§ **Task statement**:
Your answer should contain every line of the records, transcribed word for word.

[Saved entries]
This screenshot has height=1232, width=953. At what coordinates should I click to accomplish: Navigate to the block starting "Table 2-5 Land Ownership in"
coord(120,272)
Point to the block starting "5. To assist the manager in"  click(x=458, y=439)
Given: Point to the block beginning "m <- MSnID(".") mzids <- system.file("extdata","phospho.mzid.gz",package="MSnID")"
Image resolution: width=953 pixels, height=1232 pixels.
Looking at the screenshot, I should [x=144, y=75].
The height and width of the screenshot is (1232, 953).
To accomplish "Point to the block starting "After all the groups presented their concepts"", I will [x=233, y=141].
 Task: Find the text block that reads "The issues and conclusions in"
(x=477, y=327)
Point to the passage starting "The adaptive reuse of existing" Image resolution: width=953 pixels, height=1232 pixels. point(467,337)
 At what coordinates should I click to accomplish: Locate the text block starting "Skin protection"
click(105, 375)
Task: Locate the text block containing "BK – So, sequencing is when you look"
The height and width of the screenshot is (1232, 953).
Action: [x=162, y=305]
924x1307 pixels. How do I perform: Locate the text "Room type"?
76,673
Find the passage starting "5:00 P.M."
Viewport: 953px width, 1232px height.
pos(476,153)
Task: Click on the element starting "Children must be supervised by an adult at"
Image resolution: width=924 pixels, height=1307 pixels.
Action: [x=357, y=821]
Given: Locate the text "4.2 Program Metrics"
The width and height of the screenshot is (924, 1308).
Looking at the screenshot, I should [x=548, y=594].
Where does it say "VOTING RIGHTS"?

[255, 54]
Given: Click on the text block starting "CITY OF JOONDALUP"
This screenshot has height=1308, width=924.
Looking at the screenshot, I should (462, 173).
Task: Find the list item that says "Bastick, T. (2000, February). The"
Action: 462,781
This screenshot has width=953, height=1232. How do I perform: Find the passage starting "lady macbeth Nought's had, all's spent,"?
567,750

§ **Result of this task**:
This screenshot has height=1232, width=953. At what coordinates should I click to accomplish: Navigate to the block starting "Table 2-5 Land Ownership in"
coord(120,272)
Point to the block starting "5. To assist the manager in"  click(x=458, y=439)
Given: Point to the block beginning "m <- MSnID(".") mzids <- system.file("extdata","phospho.mzid.gz",package="MSnID")"
Image resolution: width=953 pixels, height=1232 pixels.
Looking at the screenshot, I should [x=144, y=75].
The height and width of the screenshot is (1232, 953).
To accomplish "Point to the block starting "After all the groups presented their concepts"", I will [x=233, y=141].
 Task: Find the text block that reads "The issues and conclusions in"
(x=477, y=327)
Point to the passage starting "The adaptive reuse of existing" Image resolution: width=953 pixels, height=1232 pixels. point(467,337)
 At what coordinates should I click to accomplish: Locate the text block starting "Skin protection"
click(105, 375)
Task: Locate the text block containing "BK – So, sequencing is when you look"
The height and width of the screenshot is (1232, 953).
Action: [x=162, y=305]
924x1307 pixels. How do I perform: Locate the text "Room type"?
76,673
Find the passage starting "5:00 P.M."
Viewport: 953px width, 1232px height.
pos(476,153)
Task: Click on the element starting "Children must be supervised by an adult at"
Image resolution: width=924 pixels, height=1307 pixels.
Action: [x=357, y=821]
Given: Locate the text "4.2 Program Metrics"
The width and height of the screenshot is (924, 1308).
Looking at the screenshot, I should [x=548, y=594].
Where does it say "VOTING RIGHTS"?

[255, 54]
Given: Click on the text block starting "CITY OF JOONDALUP"
This screenshot has height=1308, width=924.
Looking at the screenshot, I should (462, 173).
Task: Find the list item that says "Bastick, T. (2000, February). The"
Action: 462,781
This screenshot has width=953, height=1232. How do I perform: Find the passage starting "lady macbeth Nought's had, all's spent,"?
567,750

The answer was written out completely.